▸ Input data:
-*-*-

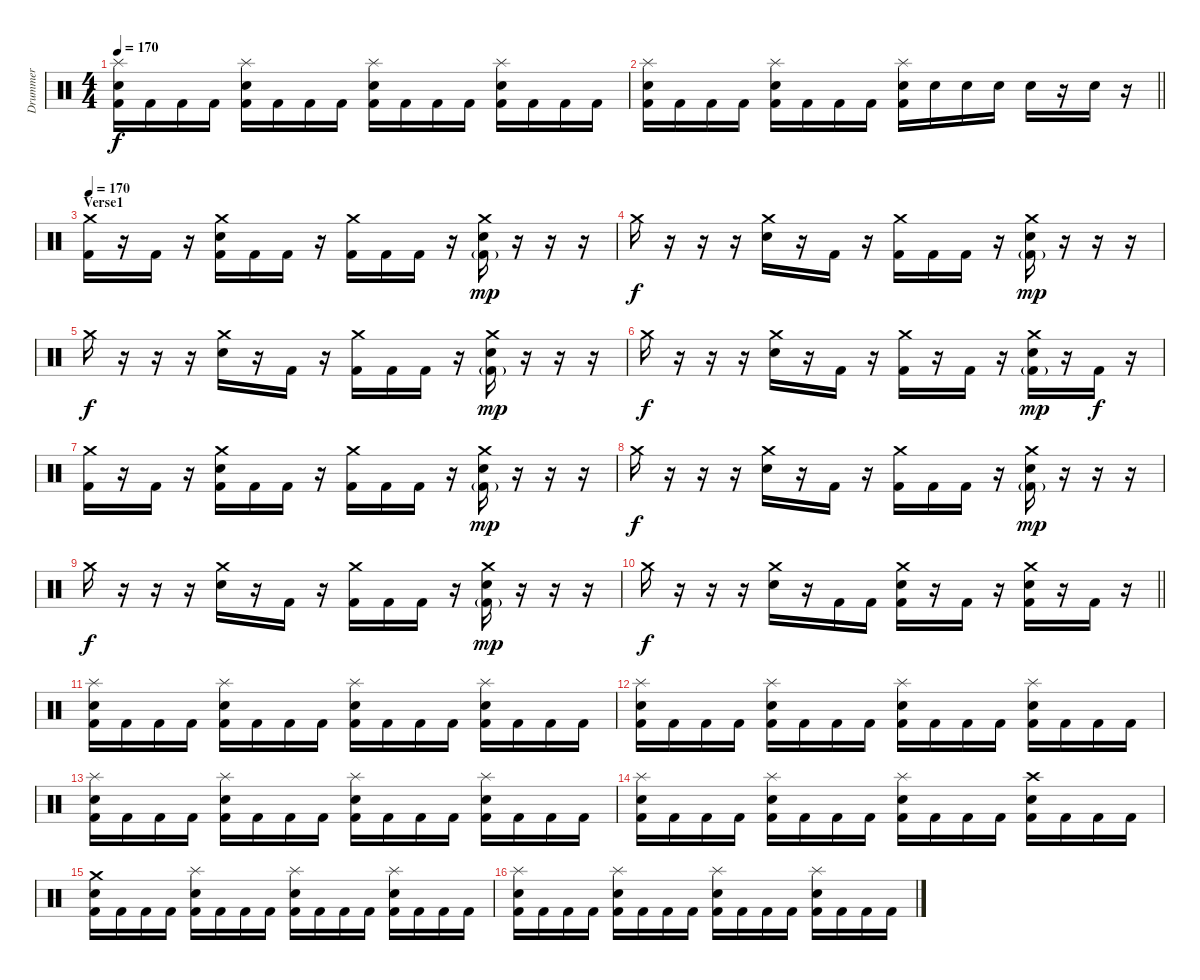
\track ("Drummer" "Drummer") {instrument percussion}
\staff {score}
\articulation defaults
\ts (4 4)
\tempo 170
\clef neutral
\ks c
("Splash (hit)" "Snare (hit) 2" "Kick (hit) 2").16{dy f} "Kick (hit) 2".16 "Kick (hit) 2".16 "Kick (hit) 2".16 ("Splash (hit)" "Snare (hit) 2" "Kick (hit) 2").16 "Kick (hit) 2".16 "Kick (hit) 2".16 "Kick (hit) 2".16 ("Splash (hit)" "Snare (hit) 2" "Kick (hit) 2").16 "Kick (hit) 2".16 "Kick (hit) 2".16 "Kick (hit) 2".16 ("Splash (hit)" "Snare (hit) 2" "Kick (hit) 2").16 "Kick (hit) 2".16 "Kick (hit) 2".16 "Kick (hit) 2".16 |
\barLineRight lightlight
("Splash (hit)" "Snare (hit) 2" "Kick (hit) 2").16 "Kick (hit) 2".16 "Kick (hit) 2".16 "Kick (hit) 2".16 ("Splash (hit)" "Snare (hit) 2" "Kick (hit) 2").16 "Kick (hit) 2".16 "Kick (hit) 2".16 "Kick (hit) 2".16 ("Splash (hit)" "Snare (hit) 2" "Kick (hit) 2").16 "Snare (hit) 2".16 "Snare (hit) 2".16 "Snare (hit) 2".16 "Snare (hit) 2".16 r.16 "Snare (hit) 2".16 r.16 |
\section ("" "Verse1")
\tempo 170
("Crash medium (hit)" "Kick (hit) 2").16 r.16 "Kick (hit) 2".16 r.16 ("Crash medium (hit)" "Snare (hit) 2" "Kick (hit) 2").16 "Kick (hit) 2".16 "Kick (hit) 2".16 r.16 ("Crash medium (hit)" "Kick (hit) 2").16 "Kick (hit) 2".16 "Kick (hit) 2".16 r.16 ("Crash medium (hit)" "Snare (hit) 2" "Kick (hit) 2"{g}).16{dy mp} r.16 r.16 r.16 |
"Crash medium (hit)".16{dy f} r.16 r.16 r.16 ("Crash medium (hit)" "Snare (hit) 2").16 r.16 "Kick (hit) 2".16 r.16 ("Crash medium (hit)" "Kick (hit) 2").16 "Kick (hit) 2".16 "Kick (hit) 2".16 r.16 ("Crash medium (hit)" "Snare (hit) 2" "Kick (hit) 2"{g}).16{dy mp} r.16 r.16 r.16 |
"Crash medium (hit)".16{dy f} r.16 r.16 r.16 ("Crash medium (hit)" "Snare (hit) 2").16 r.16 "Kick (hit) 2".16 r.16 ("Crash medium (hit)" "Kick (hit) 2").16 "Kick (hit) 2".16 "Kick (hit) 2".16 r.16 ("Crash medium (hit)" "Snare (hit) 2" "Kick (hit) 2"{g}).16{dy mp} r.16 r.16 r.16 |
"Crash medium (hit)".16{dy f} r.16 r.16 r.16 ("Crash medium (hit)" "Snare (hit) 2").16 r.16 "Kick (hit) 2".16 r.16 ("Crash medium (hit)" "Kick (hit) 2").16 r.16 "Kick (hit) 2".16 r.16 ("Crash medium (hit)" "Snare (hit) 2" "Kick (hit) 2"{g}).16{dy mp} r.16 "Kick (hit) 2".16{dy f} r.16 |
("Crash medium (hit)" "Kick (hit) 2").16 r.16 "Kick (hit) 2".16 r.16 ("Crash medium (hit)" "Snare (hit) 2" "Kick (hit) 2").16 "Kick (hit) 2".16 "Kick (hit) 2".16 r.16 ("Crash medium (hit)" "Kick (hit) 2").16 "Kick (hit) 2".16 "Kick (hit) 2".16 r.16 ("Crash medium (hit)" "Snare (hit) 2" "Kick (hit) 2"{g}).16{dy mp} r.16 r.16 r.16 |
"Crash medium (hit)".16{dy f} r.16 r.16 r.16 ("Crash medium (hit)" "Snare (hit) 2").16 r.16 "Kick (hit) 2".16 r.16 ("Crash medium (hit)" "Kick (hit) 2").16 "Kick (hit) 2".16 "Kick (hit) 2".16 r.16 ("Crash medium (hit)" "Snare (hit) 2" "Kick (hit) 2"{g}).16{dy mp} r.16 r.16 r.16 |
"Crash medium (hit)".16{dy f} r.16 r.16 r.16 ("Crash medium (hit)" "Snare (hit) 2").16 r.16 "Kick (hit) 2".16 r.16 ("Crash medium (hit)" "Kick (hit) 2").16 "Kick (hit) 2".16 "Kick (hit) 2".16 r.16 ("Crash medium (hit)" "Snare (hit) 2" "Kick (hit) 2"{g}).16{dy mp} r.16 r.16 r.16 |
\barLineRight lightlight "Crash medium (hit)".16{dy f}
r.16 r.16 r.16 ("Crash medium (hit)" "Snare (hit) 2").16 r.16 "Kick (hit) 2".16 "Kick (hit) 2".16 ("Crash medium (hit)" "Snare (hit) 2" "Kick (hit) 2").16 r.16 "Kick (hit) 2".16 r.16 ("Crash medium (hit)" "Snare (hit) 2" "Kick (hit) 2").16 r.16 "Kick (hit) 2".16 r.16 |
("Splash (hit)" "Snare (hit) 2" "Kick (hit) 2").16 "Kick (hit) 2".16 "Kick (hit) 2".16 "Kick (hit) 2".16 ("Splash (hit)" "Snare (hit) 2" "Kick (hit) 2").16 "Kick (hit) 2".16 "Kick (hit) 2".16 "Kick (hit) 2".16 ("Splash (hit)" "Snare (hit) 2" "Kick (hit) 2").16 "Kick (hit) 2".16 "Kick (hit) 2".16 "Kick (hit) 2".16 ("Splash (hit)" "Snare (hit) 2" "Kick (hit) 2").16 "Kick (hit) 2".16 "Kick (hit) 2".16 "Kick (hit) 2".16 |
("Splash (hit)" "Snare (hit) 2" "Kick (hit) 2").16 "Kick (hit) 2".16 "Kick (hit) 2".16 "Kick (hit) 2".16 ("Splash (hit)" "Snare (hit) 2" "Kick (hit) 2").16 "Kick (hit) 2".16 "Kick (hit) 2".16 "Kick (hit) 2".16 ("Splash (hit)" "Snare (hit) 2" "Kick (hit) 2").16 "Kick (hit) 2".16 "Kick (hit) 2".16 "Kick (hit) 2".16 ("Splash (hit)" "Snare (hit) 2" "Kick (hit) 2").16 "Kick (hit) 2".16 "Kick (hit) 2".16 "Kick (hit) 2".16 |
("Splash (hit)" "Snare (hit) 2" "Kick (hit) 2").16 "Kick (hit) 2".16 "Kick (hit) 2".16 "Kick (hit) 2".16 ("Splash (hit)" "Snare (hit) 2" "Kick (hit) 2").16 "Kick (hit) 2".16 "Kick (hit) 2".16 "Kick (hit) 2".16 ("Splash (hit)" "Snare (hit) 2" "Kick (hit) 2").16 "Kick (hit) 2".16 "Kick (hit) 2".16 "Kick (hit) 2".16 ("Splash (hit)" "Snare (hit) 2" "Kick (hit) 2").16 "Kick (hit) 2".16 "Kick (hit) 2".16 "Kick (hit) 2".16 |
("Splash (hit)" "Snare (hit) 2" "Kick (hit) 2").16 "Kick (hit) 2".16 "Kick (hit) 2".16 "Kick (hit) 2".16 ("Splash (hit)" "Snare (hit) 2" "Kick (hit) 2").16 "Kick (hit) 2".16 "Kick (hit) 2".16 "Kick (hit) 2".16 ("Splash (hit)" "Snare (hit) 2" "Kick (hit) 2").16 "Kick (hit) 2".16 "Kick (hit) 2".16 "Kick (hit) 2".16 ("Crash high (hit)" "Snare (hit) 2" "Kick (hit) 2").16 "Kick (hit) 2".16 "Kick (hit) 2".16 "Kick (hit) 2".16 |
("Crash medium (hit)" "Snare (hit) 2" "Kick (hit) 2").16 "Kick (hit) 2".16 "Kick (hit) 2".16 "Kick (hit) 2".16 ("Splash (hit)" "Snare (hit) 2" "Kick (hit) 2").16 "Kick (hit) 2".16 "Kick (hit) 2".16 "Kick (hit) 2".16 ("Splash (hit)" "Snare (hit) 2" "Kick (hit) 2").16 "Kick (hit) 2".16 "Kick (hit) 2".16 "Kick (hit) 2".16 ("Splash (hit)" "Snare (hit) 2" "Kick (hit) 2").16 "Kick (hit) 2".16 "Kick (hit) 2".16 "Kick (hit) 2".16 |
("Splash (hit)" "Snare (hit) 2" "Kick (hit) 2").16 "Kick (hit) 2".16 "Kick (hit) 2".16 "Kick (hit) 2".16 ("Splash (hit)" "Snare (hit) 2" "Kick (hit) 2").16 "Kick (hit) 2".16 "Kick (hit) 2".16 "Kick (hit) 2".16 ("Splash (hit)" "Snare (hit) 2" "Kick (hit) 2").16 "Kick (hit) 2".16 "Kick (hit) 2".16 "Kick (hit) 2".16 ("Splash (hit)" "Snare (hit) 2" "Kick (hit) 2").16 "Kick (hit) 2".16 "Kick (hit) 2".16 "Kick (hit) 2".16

-*-*-

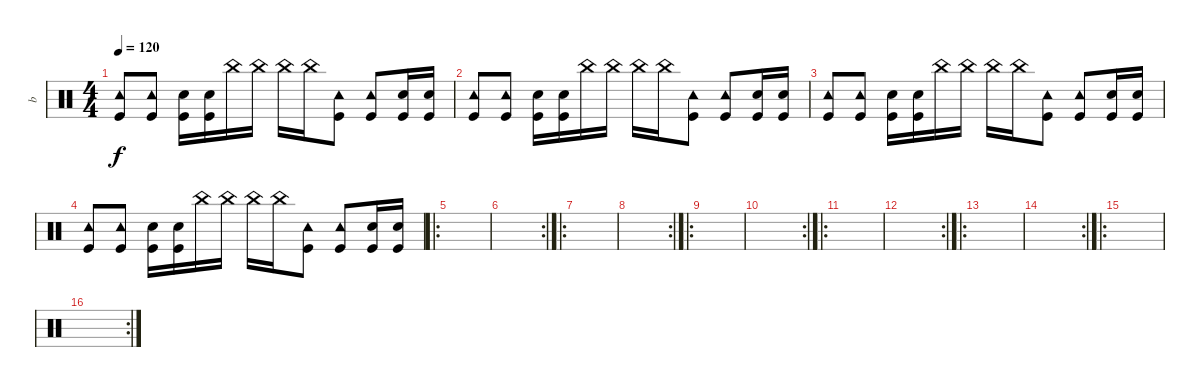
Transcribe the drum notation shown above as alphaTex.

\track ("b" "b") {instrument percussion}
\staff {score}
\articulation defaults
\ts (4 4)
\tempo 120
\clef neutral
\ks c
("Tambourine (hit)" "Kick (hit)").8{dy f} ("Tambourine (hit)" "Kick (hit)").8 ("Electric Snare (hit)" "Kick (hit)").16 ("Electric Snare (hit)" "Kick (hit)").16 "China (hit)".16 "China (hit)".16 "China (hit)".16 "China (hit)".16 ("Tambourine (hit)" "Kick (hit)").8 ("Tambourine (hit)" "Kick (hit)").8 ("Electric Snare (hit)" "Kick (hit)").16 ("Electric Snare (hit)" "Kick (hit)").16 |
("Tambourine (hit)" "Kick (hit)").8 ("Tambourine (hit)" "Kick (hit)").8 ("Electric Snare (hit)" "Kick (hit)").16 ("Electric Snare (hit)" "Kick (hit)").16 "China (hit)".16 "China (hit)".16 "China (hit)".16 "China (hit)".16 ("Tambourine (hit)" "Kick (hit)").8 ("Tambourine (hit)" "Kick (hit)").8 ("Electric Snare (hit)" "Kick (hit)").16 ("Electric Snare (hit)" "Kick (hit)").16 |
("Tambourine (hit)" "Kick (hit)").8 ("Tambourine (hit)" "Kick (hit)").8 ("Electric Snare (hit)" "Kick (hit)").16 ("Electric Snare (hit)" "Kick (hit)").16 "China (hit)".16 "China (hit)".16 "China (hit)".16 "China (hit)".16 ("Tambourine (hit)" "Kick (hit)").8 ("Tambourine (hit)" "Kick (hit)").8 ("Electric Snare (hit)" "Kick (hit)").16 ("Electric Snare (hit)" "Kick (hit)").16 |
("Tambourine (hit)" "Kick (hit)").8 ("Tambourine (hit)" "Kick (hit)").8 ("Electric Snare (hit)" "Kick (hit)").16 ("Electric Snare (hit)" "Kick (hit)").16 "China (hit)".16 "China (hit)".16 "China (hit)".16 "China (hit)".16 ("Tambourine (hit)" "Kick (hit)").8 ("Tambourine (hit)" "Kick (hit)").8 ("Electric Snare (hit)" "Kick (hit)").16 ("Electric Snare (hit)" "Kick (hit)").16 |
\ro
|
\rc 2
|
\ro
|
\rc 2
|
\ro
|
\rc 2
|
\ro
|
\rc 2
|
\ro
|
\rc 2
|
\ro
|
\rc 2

-*-*-

▸ Activity: Across the data, count every line where the string "percussion" turns up, then write only that count.

▸ The completed task: 2